His quarters aboard his flagship were as comfortable as those planet side and felt considerably safer. Security was even now installing transport inhibitors, not to mention organizing repairs to his quarters. He didn’t mind the forced shift in location. It would be a lot harder for his enemies to track him. Oh, they could track his ship, but he had his own ways of dealing with that. In the meantime, he needed to decide what to share with the General and how much.

The General had been unexpectedly cooperative, though it was still a struggle. He hadn’t wanted to tell Hel that Delilah was missing. And he’d been shaken that Hel knew about Chameleon.

Early on, one of the diplomats had given Hel a dictionary. Before contacting the General, he’d looked the word up. What had interested him the most about the definition was the lizards “synonymous ability to change color.”
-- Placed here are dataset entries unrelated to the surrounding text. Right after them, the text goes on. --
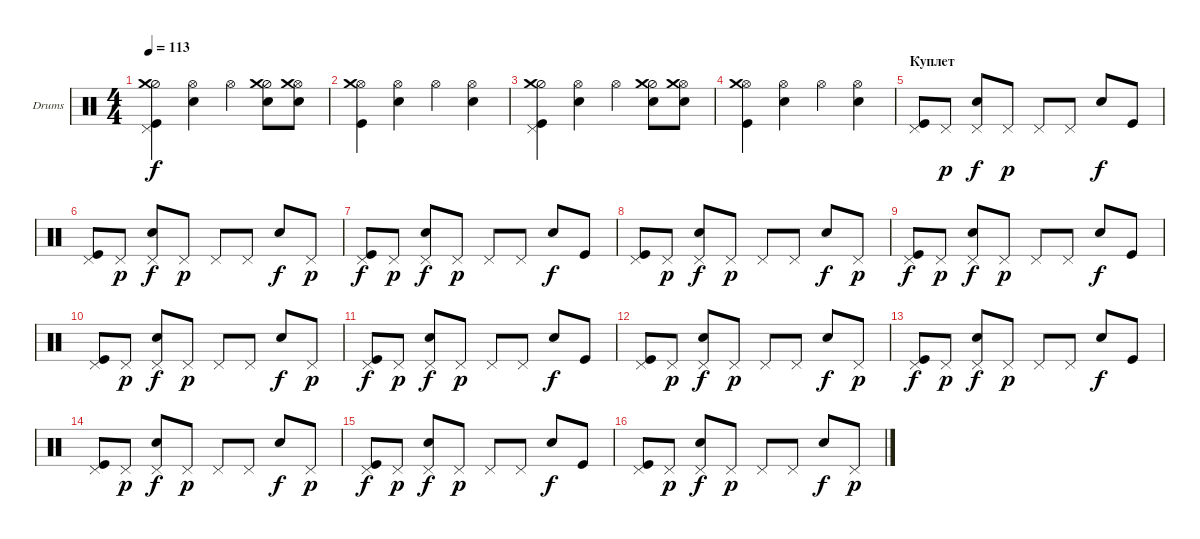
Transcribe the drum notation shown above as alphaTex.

\defaultSystemsLayout 4
\bracketExtendMode groupsimilarinstruments
\firstSystemTrackNameOrientation horizontal
\otherSystemsTrackNameOrientation horizontal
\track ("Е. Кулаков" "Drums") {instrument percussion}
\staff {score}
\articulation defaults
\ts (4 4)
\tempo 113
\clef neutral
\ks c
("Pedal Hi-Hat (hit)" "Kick (hit)" "Hi-Hat (half)" "Crash medium (hit)").4{dy f} ("Snare (hit) 2" "Hi-Hat (open)").4 "Hi-Hat (open)".4 ("Snare (hit) 2" "Hi-Hat (half)" "Crash medium (hit)").8 ("Hi-Hat (open)" "Snare (hit) 2" "Crash medium (hit)").8 |
("Hi-Hat (open)" "Kick (hit)" "Crash medium (hit)").4 ("Hi-Hat (open)" "Snare (hit) 2").4 "Hi-Hat (open)".4 ("Snare (hit) 2" "Hi-Hat (open)").4 |
("Pedal Hi-Hat (hit)" "Kick (hit)" "Hi-Hat (half)" "Crash medium (hit)").4 ("Snare (hit) 2" "Hi-Hat (open)").4 "Hi-Hat (open)".4 ("Snare (hit) 2" "Hi-Hat (half)" "Crash medium (hit)").8 ("Hi-Hat (open)" "Snare (hit) 2" "Crash medium (hit)").8 |
("Hi-Hat (open)" "Kick (hit)" "Crash medium (hit)").4 ("Hi-Hat (open)" "Snare (hit) 2").4 "Hi-Hat (open)".4 ("Snare (hit) 2" "Hi-Hat (open)").4 |
\section ("" "Куплет")
("Kick (hit)" "Pedal Hi-Hat (hit)").8 "Pedal Hi-Hat (hit)".8{dy p} ("Snare (hit) 2" "Pedal Hi-Hat (hit)").8{dy f} "Pedal Hi-Hat (hit)".8{dy p} "Pedal Hi-Hat (hit)".8 "Pedal Hi-Hat (hit)".8 "Snare (hit) 2".8{dy f} "Kick (hit)".8 |
("Kick (hit)" "Pedal Hi-Hat (hit)").8 "Pedal Hi-Hat (hit)".8{dy p} ("Snare (hit) 2" "Pedal Hi-Hat (hit)").8{dy f} "Pedal Hi-Hat (hit)".8{dy p} "Pedal Hi-Hat (hit)".8 "Pedal Hi-Hat (hit)".8 "Snare (hit) 2".8{dy f} "Pedal Hi-Hat (hit)".8{dy p} |
("Kick (hit)" "Pedal Hi-Hat (hit)").8{dy f} "Pedal Hi-Hat (hit)".8{dy p} ("Snare (hit) 2" "Pedal Hi-Hat (hit)").8{dy f} "Pedal Hi-Hat (hit)".8{dy p} "Pedal Hi-Hat (hit)".8 "Pedal Hi-Hat (hit)".8 "Snare (hit) 2".8{dy f} "Kick (hit)".8 |
("Kick (hit)" "Pedal Hi-Hat (hit)").8 "Pedal Hi-Hat (hit)".8{dy p} ("Snare (hit) 2" "Pedal Hi-Hat (hit)").8{dy f} "Pedal Hi-Hat (hit)".8{dy p} "Pedal Hi-Hat (hit)".8 "Pedal Hi-Hat (hit)".8 "Snare (hit) 2".8{dy f} "Pedal Hi-Hat (hit)".8{dy p} |
("Kick (hit)" "Pedal Hi-Hat (hit)").8{dy f} "Pedal Hi-Hat (hit)".8{dy p} ("Snare (hit) 2" "Pedal Hi-Hat (hit)").8{dy f} "Pedal Hi-Hat (hit)".8{dy p} "Pedal Hi-Hat (hit)".8 "Pedal Hi-Hat (hit)".8 "Snare (hit) 2".8{dy f} "Kick (hit)".8 |
("Kick (hit)" "Pedal Hi-Hat (hit)").8 "Pedal Hi-Hat (hit)".8{dy p} ("Snare (hit) 2" "Pedal Hi-Hat (hit)").8{dy f} "Pedal Hi-Hat (hit)".8{dy p} "Pedal Hi-Hat (hit)".8 "Pedal Hi-Hat (hit)".8 "Snare (hit) 2".8{dy f} "Pedal Hi-Hat (hit)".8{dy p} |
("Kick (hit)" "Pedal Hi-Hat (hit)").8{dy f} "Pedal Hi-Hat (hit)".8{dy p} ("Snare (hit) 2" "Pedal Hi-Hat (hit)").8{dy f} "Pedal Hi-Hat (hit)".8{dy p} "Pedal Hi-Hat (hit)".8 "Pedal Hi-Hat (hit)".8 "Snare (hit) 2".8{dy f} "Kick (hit)".8 |
("Kick (hit)" "Pedal Hi-Hat (hit)").8 "Pedal Hi-Hat (hit)".8{dy p} ("Snare (hit) 2" "Pedal Hi-Hat (hit)").8{dy f} "Pedal Hi-Hat (hit)".8{dy p} "Pedal Hi-Hat (hit)".8 "Pedal Hi-Hat (hit)".8 "Snare (hit) 2".8{dy f} "Pedal Hi-Hat (hit)".8{dy p} |
("Kick (hit)" "Pedal Hi-Hat (hit)").8{dy f} "Pedal Hi-Hat (hit)".8{dy p} ("Snare (hit) 2" "Pedal Hi-Hat (hit)").8{dy f} "Pedal Hi-Hat (hit)".8{dy p} "Pedal Hi-Hat (hit)".8 "Pedal Hi-Hat (hit)".8 "Snare (hit) 2".8{dy f} "Kick (hit)".8 |
("Kick (hit)" "Pedal Hi-Hat (hit)").8 "Pedal Hi-Hat (hit)".8{dy p} ("Snare (hit) 2" "Pedal Hi-Hat (hit)").8{dy f} "Pedal Hi-Hat (hit)".8{dy p} "Pedal Hi-Hat (hit)".8 "Pedal Hi-Hat (hit)".8 "Snare (hit) 2".8{dy f} "Pedal Hi-Hat (hit)".8{dy p} |
("Kick (hit)" "Pedal Hi-Hat (hit)").8{dy f} "Pedal Hi-Hat (hit)".8{dy p} ("Snare (hit) 2" "Pedal Hi-Hat (hit)").8{dy f} "Pedal Hi-Hat (hit)".8{dy p} "Pedal Hi-Hat (hit)".8 "Pedal Hi-Hat (hit)".8 "Snare (hit) 2".8{dy f} "Kick (hit)".8 |
("Kick (hit)" "Pedal Hi-Hat (hit)").8 "Pedal Hi-Hat (hit)".8{dy p} ("Snare (hit) 2" "Pedal Hi-Hat (hit)").8{dy f} "Pedal Hi-Hat (hit)".8{dy p} "Pedal Hi-Hat (hit)".8 "Pedal Hi-Hat (hit)".8 "Snare (hit) 2".8{dy f} "Pedal Hi-Hat (hit)".8{dy p}

The first time he’d seen her pacing the perimeter of the room, he’d tagged her as lethal. Then she’d shifted to seductive and then, what? In their brief interaction prior to the explosion, she’d been aroused, then surprised into ordinary when he called her Morticia. For that moment, she hadn’t been anything but herself. And then?

She’d dealt with the roof collapse and defused a bomb. Two very disparate skills, but they did have one thing in common. She’d solved two
problems.

She had business on the outpost.

The General was worried about his people, missing through the portals. If Delilah was supposed to solve that problem, then her hasty departure made sense. She’d need to tackle the problem before war broke out. If she was the Chameleon Carig’s contact had spoken of, was it possible her ship had been intercepted by someone from the Earth expedition? They could have hired someone to do the intercept. Except the General had contacted Hel. He was suspicious Hel had been involved. That suggested the General considered her cover secure—at least until Hel had informed him that her cover might not be secure.

Just because Carig didn’t know the sex or real name of the Chameleon, didn’t mean the contact didn’t know. Hel rubbed his face. The General would have to pursue that angle and he would. He was no fool, even if he was easily riled.